Summary: Incomplete networking specifications in ODF documentation
Product: [Red Hat Storage] Red Hat OpenShift Data Foundation Reporter: Sergii Mykhailushko <smykhail>
Component: documentationAssignee: Anjana Suparna Sriram <asriram>
Status: NEW --- QA Contact: Neha Berry <nberry>
Severity: medium Docs Contact:
Priority: unspecified    
Version: 4.12CC: aglotov, odf-bz-bot
Target Milestone: ---   
Target Release: ---   
Hardware: Unspecified   
OS: Unspecified   
Whiteboard:
Fixed In Version: Doc Type: If docs needed, set a value
Doc Text:
Story Points: ---
Clone Of: Environment:
Last Closed: Type: Bug
Regression: --- Mount Type: ---
Documentation: --- CRM:
Verified Versions: Category: ---
oVirt Team: --- RHEL 7.3 requirements from Atomic Host:
Cloudforms Team: --- Target Upstream Version:
Embargoed:

Description Sergii Mykhailushko 2023-05-25 09:44:07 UTC
Ceph, being a core component of OCS suite, has the network requirements specifically outlined in the product documentation.
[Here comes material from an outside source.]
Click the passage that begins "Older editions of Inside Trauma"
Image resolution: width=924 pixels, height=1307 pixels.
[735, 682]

The crucial part of these requirements are those regarding the bandwidth concerns:

https://access.redhat.com/documentation/en-us/red_hat_ceph_storage/4/html-single/hardware_guide/index#network-considerations_hw

---8<---
2.5. Network considerations

Carefully consider bandwidth requirements for the cluster network, be mindful of network link oversubscription, and segregate the intra-cluster traffic from the client-to-cluster traffic. 

Important
Red Hat recommends using 10 GB Ethernet for Ceph production deployments. 1 GB Ethernet is not suitable for production storage clusters. 
...
At a minimum, a single 10 GB Ethernet link should be used for storage hardware. If the Ceph nodes have many drives each, add additional 10 GB Ethernet links for connectivity and throughput. 
--->8---

However there is nothing said about the required bandwidth in ODF documentation:

https://access.redhat.com/documentation/en-us/red_hat_openshift_data_foundation/4.12/html-single/planning_your_deployment/index#network-requirements_rhodf

The only things mentioned there are the IPv6 addressing and Multus support, which is currently a technology preview feature. 
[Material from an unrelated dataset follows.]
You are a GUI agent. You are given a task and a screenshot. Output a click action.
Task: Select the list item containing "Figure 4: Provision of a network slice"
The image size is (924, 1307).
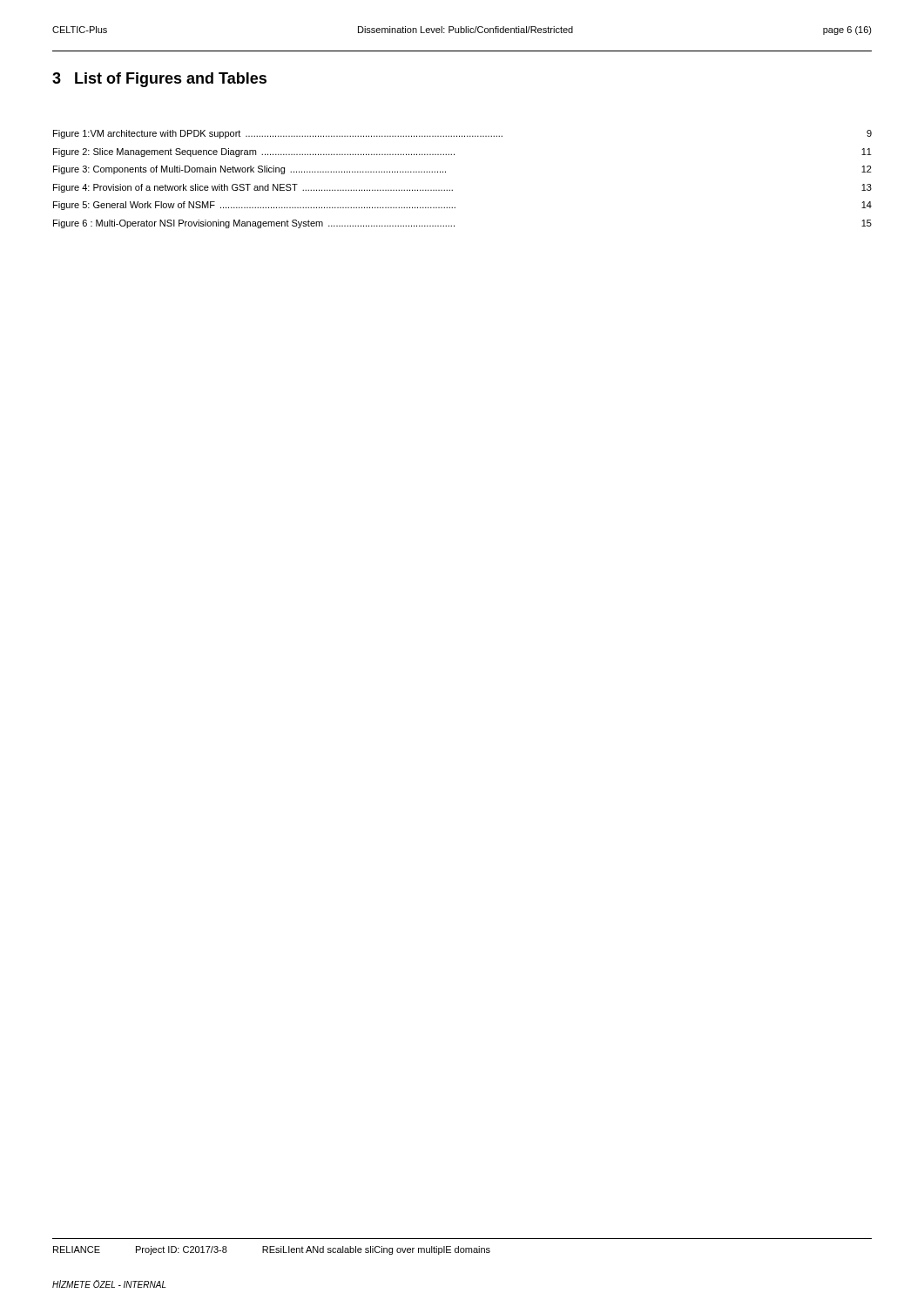tap(462, 188)

I believe that the networking requirements for the OCS deployment should include those for standalone Ceph installation, since a slow network between the worker nodes can become a bottleneck causing the communication failures between the Ceph components, which then leads into:

- poor performance of a storage cluster (both on heavy workloads and/or recovery operations)
- missed heartbeats from the osd/mon/mgr daemons, resulting into the respective pods crashing or constant monitor re-elections due to quorum changes

We have actually observed this behaviour in quite a few customer scenarios, where they were running OCS cluster on less than 10G network, and thus facing the above issues.

Based on the above, i suggest that we should probably update the ODF docs to include the network specifications in the same way, as we currently have them in the Ceph documentation.

Regards,
Sergii